As already described in the setting of the alarm options for the glucose level alarms, the
desired volume can be preselected with the Override System Volume functionality. This
volume then applies to all alarms in the respective group:
Tapping on the group (glucose, sensor or device alarms) in the alarm options dialog
(“Alert screen”) opens the respective glucose, device or sensor dialog.
[Configuration] — [Settings] — [More Alerts] — [Device / Glucose / Sensor]
Turn on Override System Volume there and set the desired volume. This value overrides
the system volume.

 

Override System Volume for all alarms
At the bottom of the alarm options dialog (“Alert screen”) there is the entry “Disable All
Allerts”. Tap on it and here too the corresponding dialog opens and the desired volume
can be set.
[Configuration] — [Settings] — [More Alerts] — [Disable All Allerts]

 

 

Alarms as notification
The setting options and displays for notifications are so different and depending on the
operating system (Android or iOS), the version of the operating system and the smart-
phone type, so only one example can be given here for notification under Android 11,
Samsung S10 smartphone.
The notification for “Bubble” must be set in the example, even on a Libre 2 EU with a direct
Bluetooth connection.

 

 

 

There is a new version of DiaBox, do I have to uninstall the old version
or back up any data ?
So far, new updates of DiaBox could be installed over an existing version.

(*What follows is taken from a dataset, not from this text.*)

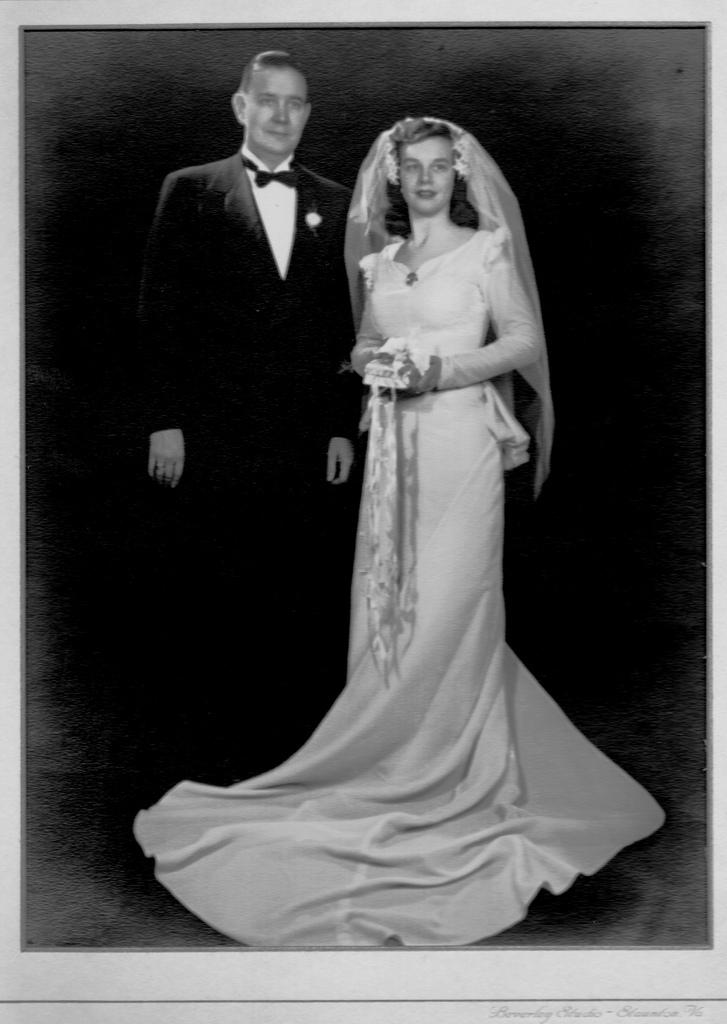What type of image is shown? The image is a photograph. What color scheme is used in the image? The image is black and white. How many people are in the image? There is a man and a woman in the image. What are the man and woman doing in the image? The man and woman are standing on the floor. What expressions do the man and woman have in the image? The man and woman have smiling faces. What type of sign is the man holding in the image? There is no sign present in the image.

Data such as
the settings, i.e. also the alarm options, measured value history or calibration points, i.e.
the calibration function, remained unchanged.

 

Note: DiaBox now searches for and informs about available
updates.
You can then also download this new version in the app.

 

 

 

Quellen, Referenzen

[1] DiaBoxDevTeam

 

[2] DiaBox Facebook
Gruppe

https://www.facebook.com/groups/974278412920319

[3] DiaBox D-A-CH
Facebook Gruppe

https://www.facebook.com/groups/DiaBox.d.a.ch

[4] Eigene Erfahrungen Freestyle Libre 2 EU Version, DiaBox für Android

DiaBox Downloads:
[5] DiaBox for iOS https://testflight.apple.com/join/DVvR6GTM

 

[6] DiaBoxMe for iOS https://testflight.apple.com/join/Ynoo1pq7
[7] DiaBox for Android https://github.com/bubbledevteam/diabox/releases
[8] DiaBox Translations https://github.com/bubbledevteam/diabox/tree/master/language

[9] Abbott Patientenflyer Alarme ADC-2019-A-0188 Januar 2020
[10] Abbott FreeStyle Libre 2 Schulungsbroschüre ADC-2019-DE-1205
August 2019
[11] Abbott FreeStyle Libre 2 Benutzerhandbuch ART38828-102 Rev. A
02/19

 

Version Log
Version Datum Autor Aktion
1.00 04/22/2021 Wolfgang Sander initial version

 

 

Disclaimer
But always note: DiaBox is not an approved medical product, especially not from Abbott
and in many places is still in the development stage.
If you base your therapy decisions on it, you are solely responsible for it. Abbott cannot be
held responsible or contacted in the event of technical problems.
The author has also described the functionality of DiaBox to the best of his knowledge and
belief and is not responsible for any operating errors or malfunctions.